Foundations of superstack theory

TL;DR

This paper develops a foundational framework for superstack theory in algebraic supergeometry, defining key concepts like quotient superstacks and bosonic reduction, and exploring their properties and structures.

Contribution

It introduces the systematic study of superstacks, including definitions, structures, and criteria for properties like being Deligne-Mumford, extending classical algebraic geometry concepts to the supergeometric setting.

Findings

Defined superstacks and quotient superstacks.

Established criteria for Deligne-Mumford superstacks.

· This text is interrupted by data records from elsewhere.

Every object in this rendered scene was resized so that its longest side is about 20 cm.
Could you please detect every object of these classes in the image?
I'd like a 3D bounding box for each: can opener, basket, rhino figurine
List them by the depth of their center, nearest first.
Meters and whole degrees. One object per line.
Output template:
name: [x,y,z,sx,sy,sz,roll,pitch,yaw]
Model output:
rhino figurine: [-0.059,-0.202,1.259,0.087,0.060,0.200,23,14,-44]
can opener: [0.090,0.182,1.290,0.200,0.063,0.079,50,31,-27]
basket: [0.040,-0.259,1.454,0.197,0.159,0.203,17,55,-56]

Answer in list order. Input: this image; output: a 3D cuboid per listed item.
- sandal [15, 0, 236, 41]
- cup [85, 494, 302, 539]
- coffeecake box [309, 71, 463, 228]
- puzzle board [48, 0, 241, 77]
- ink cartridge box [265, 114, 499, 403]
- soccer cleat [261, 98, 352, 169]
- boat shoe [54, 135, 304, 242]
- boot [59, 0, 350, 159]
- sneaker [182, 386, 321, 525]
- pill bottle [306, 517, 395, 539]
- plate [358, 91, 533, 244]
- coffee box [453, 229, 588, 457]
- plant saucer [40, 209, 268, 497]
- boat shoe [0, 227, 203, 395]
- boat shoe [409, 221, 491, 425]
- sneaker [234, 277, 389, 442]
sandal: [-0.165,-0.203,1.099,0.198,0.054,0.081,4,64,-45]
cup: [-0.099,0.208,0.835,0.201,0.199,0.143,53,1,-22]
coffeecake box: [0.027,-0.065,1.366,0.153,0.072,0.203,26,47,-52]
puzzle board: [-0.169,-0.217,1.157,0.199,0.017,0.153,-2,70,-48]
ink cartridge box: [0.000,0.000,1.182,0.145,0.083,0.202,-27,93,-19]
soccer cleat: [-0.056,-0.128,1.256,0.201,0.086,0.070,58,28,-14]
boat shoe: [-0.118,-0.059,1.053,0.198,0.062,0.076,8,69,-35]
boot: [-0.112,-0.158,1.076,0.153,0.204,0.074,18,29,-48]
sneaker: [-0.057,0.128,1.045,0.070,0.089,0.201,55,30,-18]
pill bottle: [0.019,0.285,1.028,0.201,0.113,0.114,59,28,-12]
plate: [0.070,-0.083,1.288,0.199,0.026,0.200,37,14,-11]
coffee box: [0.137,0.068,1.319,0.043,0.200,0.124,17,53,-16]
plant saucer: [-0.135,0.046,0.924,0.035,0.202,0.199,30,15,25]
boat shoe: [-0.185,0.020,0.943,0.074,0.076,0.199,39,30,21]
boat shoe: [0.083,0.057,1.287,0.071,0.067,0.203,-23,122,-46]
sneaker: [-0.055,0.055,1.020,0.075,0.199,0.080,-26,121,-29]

Analyzed properties of morphisms between superstacks.

Abstract

In view of applications to the construction of moduli spaces of objects in algebraic supergeometry, we start a systematic study of stacks in that context. After defining a superstack as a stack over the \'etale site of superschemes, we define quotient superstacks, and, based on previous literature, we see that, in analogy with superschemes, every superstack has an underlying ordinary stack, which we call its bosonic reduction. Then we progressively introduce more structure, considering algebraic superspaces, Deligne-Mumford superstacks and algebraic superstacks. We study the topology of algebraic superstacks and several properties of morphisms between them. We introduce quasi-coherent sheaves, and the sheaves of relative differentials. An important issue is how to check that an algebraic superstack is Deligne-Mumford, and we generalize to this setting the usual criteria in terms of the unramifiedness of the diagonal of the stack. Two appendices are devoted to collecting the basic definitions of group superschemes and principal superbundles, and to stating and analyzing some properties of morphisms of superschemes, that are at the basis of the study of morphisms of superstacks in the main text.